Lets introduce two more independent variables qsec and drat and analyse the results. In simple regression, the coefficient estimate (or the slope) of wt was -5.3445 and when we introduce additional variables the estimate changes to -4.3978 because of the impact of the additional variables.
The estimate tells us how much the dependent variable is expected to increase when that independent variable increases by one unit, holding all the other independent variables constant.
Looking at the summary() of the model, we can make the following observations :
- The residuals are more or less normally distributed
- wt and qsec are statistically significant as they have very low p values.
- The p-value of drat is higher than our cut off of 0.05 and its 95% confidence interval contains 0, both indicating that its not statistically significant
- The multiple R-squared indicates that the model accounts for 83% of the variance
- The F statistic represents the overall model prediction. The value of 47.93 is greater than the critical value of 2.94 and a low probability indicates that it is statistically significant.
- The absolute values of the standardised betas indicates wt has the strongest effect of 0.71
lm.fit <- lm(mpg~wt+qsec+drat, data = mtcars)
summary(lm.fit)
##
## Call:
## lm(formula = mpg ~ wt + qsec + drat, data = mtcars)
##
## Residuals:
## Min 1Q Median 3Q Max
## -4.1152 -1.8273 -0.2696 1.0502 5.5010
##
## Coefficients:
## Estimate Std. Error t value Pr(>|t|)
## (Intercept) 11.3945 8.0689 1.412 0.16892
## wt -4.3978 0.6781 -6.485 5.01e-07 ***
## qsec 0.9462 0.2616 3.616 0.00116 **
## drat 1.6561 1.2269 1.350 0.18789
## ---
## Signif. codes: 0 '***' 0.001 '**' 0.01 '*' 0.05 '.' 0.1 ' ' 1
##
## Residual standard error: 2.56 on 28 degrees of freedom
## Multiple R-squared: 0.837, Adjusted R-squared: 0.8196
## F-statistic: 47.93 on 3 and 28 DF, p-value: 3.723e-11
qf(p=0.05, df1 = 3, df2 = 28, lower.tail = FALSE)
## [1] 2.946685
confint(lm.fit)
## 2.5 % 97.5 %
## (Intercept) -5.1339149 27.922817
## wt -5.7868161 -3.008776
## qsec 0.4102527 1.482155
## drat -0.8571278 4.169418
QuantPsyc::lm.beta(lm.fit)
## wt qsec drat
## -0.7139693 0.2805421 0.1469244
There are couple of additional concepts in multiple regression that we need to look at
Variance Inflation Factor (VIF)
In a multiple regression model, it is possible that one of the dependent variables can be linearly predicted from the other dependent variables. This phenomenon is called multicollinearity. And we can use Variance Inflation Factor (VIF) to measure this.
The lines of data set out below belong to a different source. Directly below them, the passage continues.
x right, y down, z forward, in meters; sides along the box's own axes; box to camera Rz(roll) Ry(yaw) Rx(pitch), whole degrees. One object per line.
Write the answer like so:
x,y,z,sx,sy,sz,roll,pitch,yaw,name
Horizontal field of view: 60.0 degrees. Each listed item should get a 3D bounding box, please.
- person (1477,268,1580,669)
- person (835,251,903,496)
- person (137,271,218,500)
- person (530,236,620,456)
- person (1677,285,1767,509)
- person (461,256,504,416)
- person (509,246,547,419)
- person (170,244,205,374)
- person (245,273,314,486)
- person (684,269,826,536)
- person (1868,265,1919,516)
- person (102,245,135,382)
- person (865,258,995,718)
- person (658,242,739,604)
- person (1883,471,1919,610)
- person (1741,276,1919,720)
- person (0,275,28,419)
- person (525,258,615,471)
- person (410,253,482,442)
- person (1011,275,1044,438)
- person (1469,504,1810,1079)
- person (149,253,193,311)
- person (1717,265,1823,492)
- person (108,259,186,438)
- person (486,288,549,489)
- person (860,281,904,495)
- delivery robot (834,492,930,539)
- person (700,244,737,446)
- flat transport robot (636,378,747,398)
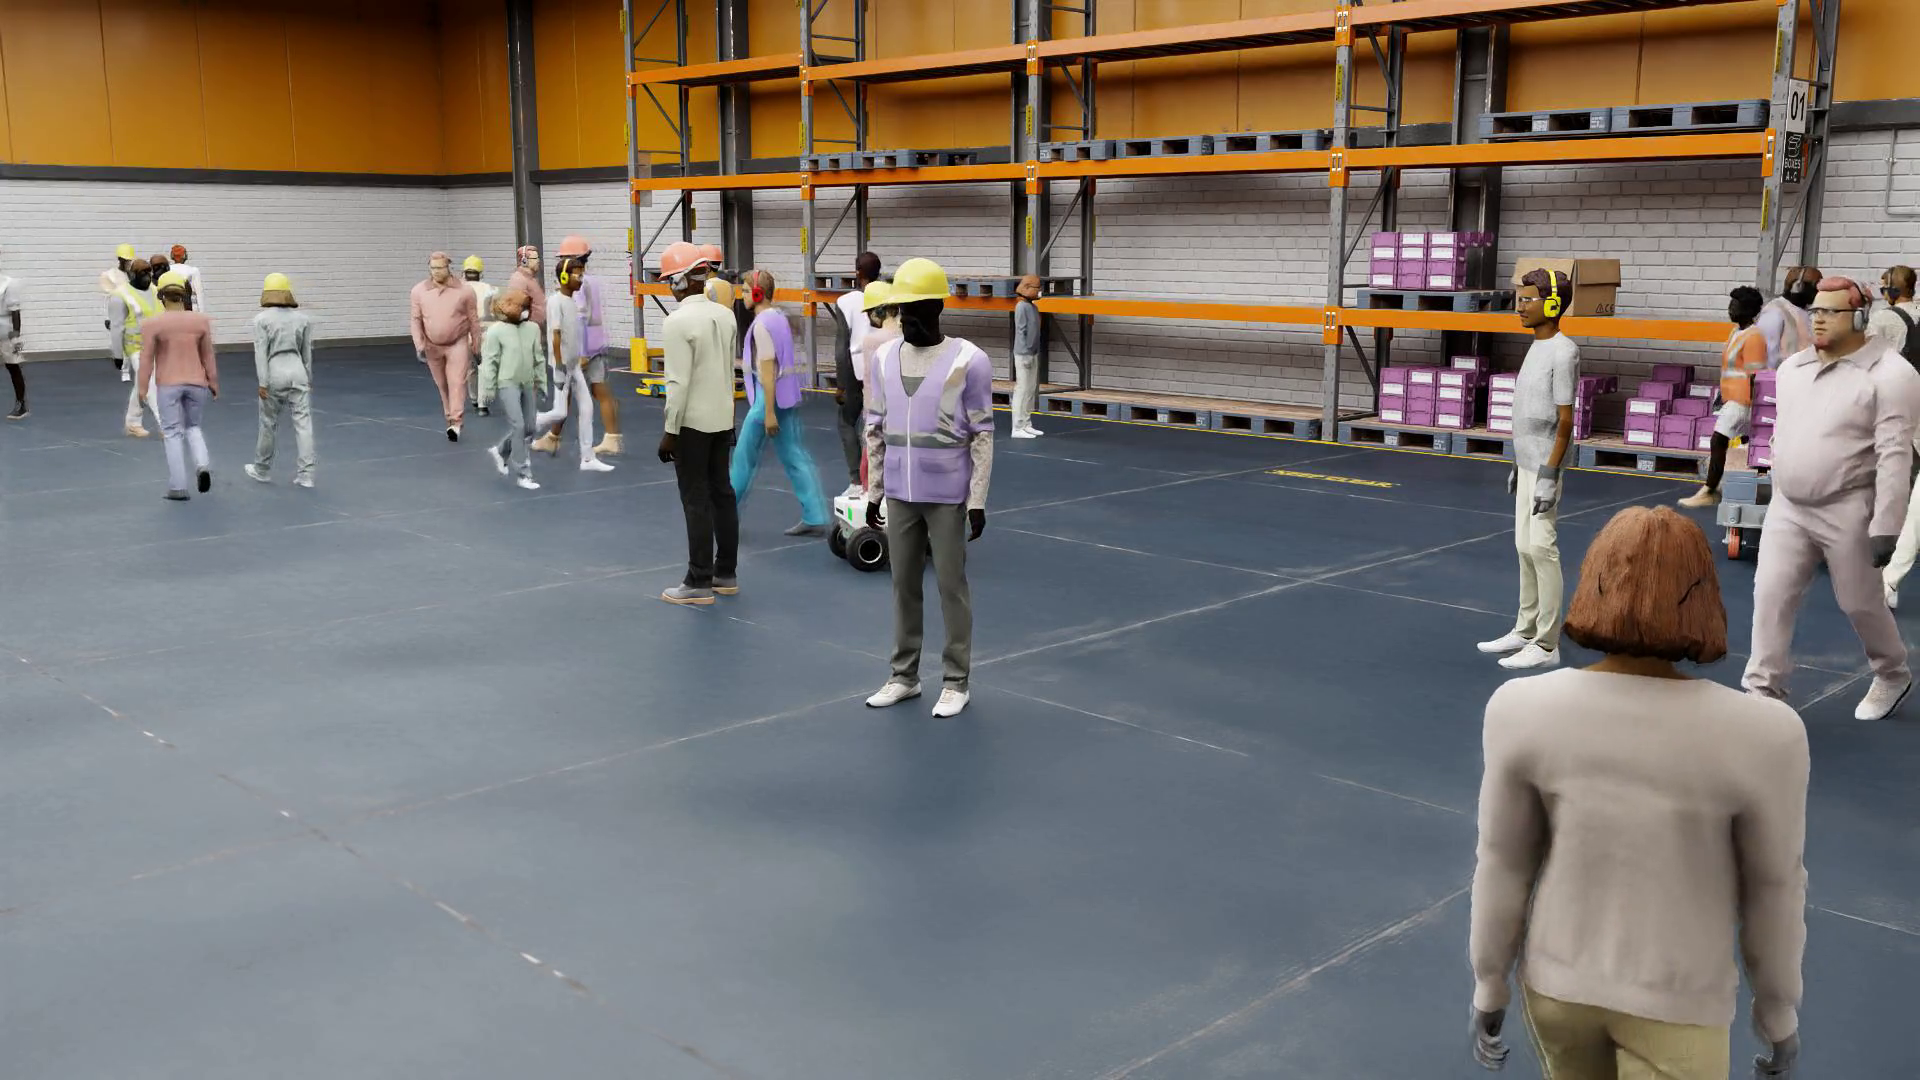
2.696,-0.328,7.812,0.328,1.868,0.513,0,10,1,person
-0.707,-1.225,12.614,0.617,1.895,0.582,-6,12,-31,person
-5.996,-1.175,12.740,0.410,1.746,0.606,9,14,42,person
-3.572,-1.753,15.189,0.976,2.005,0.638,1,10,6,person
5.819,-1.038,12.225,0.829,1.663,0.529,3,11,17,person
-5.474,-2.314,18.881,0.593,1.778,0.966,-2,11,-8,person
-4.658,-2.231,18.078,0.407,1.909,0.640,-1,10,-6,person
-11.256,-3.330,24.123,0.572,1.887,0.356,-2,11,-9,person
-5.537,-1.300,13.525,0.775,1.709,0.496,10,14,42,person
-1.349,-0.901,11.133,0.974,1.786,0.590,1,10,8,person
6.578,-0.998,11.602,0.553,1.819,0.549,-1,10,-7,person
-11.408,-3.090,22.829,0.627,1.872,0.951,-8,13,-39,person
-0.149,-0.215,7.022,0.594,1.926,0.367,6,12,29,person
-1.458,-0.639,9.181,0.394,1.985,0.608,5,11,25,person
5.284,-0.499,8.860,0.971,1.817,0.543,-5,12,-26,person
3.566,-0.137,6.763,0.970,1.869,0.649,-5,12,-26,person
-10.502,-2.234,18.038,0.622,1.914,1.023,0,10,-1,person
-3.433,-1.494,14.249,0.820,1.835,0.528,2,11,9,person
-5.077,-1.894,16.404,0.641,1.847,1.039,0,10,-2,person
0.685,-1.841,16.718,0.277,1.630,0.502,4,11,22,person
1.041,0.745,2.663,0.495,1.606,0.779,9,14,40,person
-9.336,-2.459,19.559,0.621,1.819,0.597,-5,12,-28,person
6.026,-1.119,12.295,0.629,1.809,0.722,-6,12,-32,person
-8.059,-1.883,16.518,0.978,1.794,0.626,3,11,18,person
-3.616,-1.228,13.396,0.609,1.610,0.510,8,13,37,person
-0.464,-0.749,10.451,0.706,1.722,0.566,10,14,42,person
-0.402,-0.167,10.253,0.707,0.478,0.477,-4,11,-19,delivery robot
-2.361,-1.833,15.822,0.375,1.935,0.551,5,11,24,person
-3.358,-1.903,20.750,1.431,0.197,0.652,10,14,44,flat transport robot
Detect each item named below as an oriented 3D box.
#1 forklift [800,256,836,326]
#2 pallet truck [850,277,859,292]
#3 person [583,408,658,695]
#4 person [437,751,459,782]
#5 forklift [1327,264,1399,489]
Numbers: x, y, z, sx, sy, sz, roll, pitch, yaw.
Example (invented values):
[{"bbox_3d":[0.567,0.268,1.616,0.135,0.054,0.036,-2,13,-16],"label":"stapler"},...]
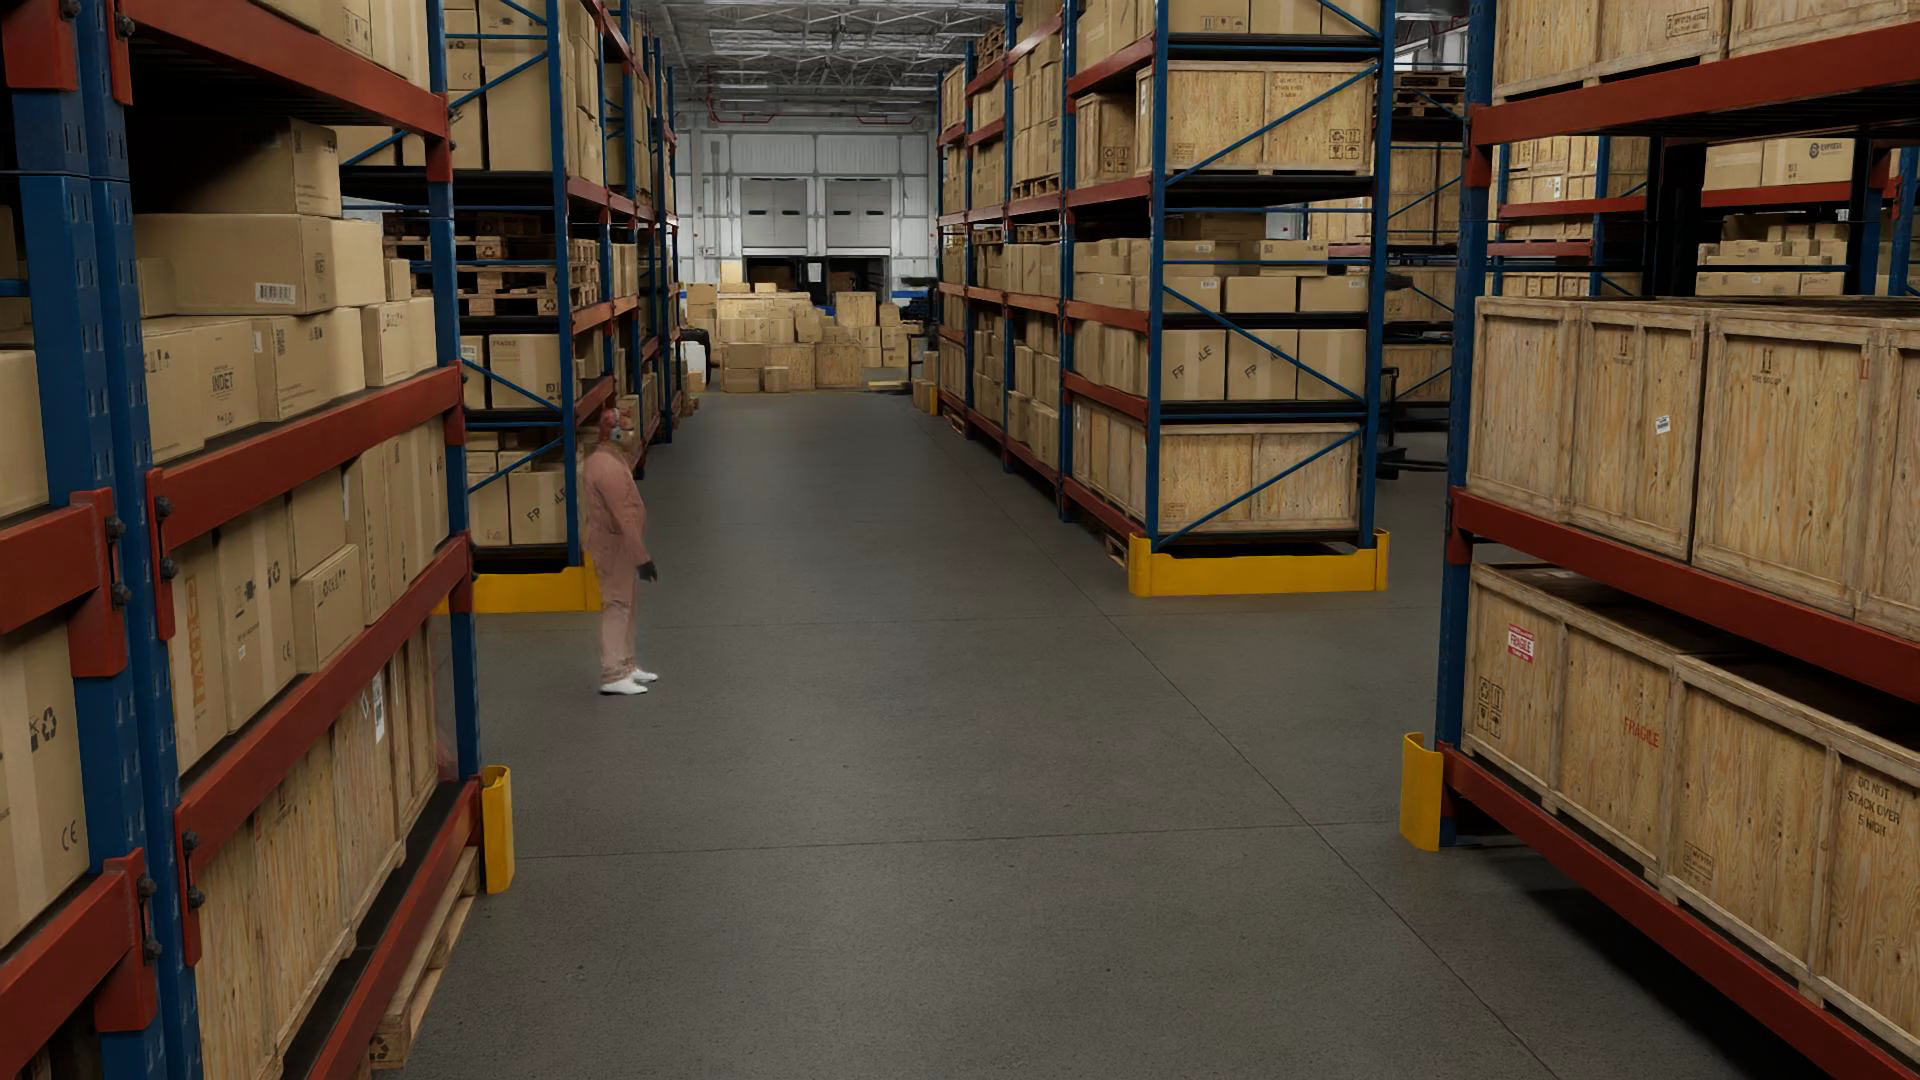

The definition as per Wikipedia is
“In statistics, the variance inflation factor (VIF) is the ratio of variance in a model with multiple terms, divided by the variance of a model with one term alone. It quantifies the severity of multicollinearity in an ordinary least squares regression analysis. It provides an index that measures how much the variance (the square of the estimate’s standard deviation) of an estimated regression coefficient is increased because of collinearity.”
Lets find the VIF for the independent variables in our model. We will use the vif() from the car package.
car::vif(lm.fit)
## wt qsec drat
## 2.082097 1.033884 2.035472
To explain this further, we will create another model with qsec as the dependent variable and wt and drat as the independent variables. This model gives us multiple R-squared of 0.033 which is variance explained by this model. We can conclude that wt and drat are able to explain only about 3% of the variance in qsec, which inturn implies that there is no (or very little) correlation between qsec and the other 2 variables. And hence qsec doesnt display collinearity with the remaining variables.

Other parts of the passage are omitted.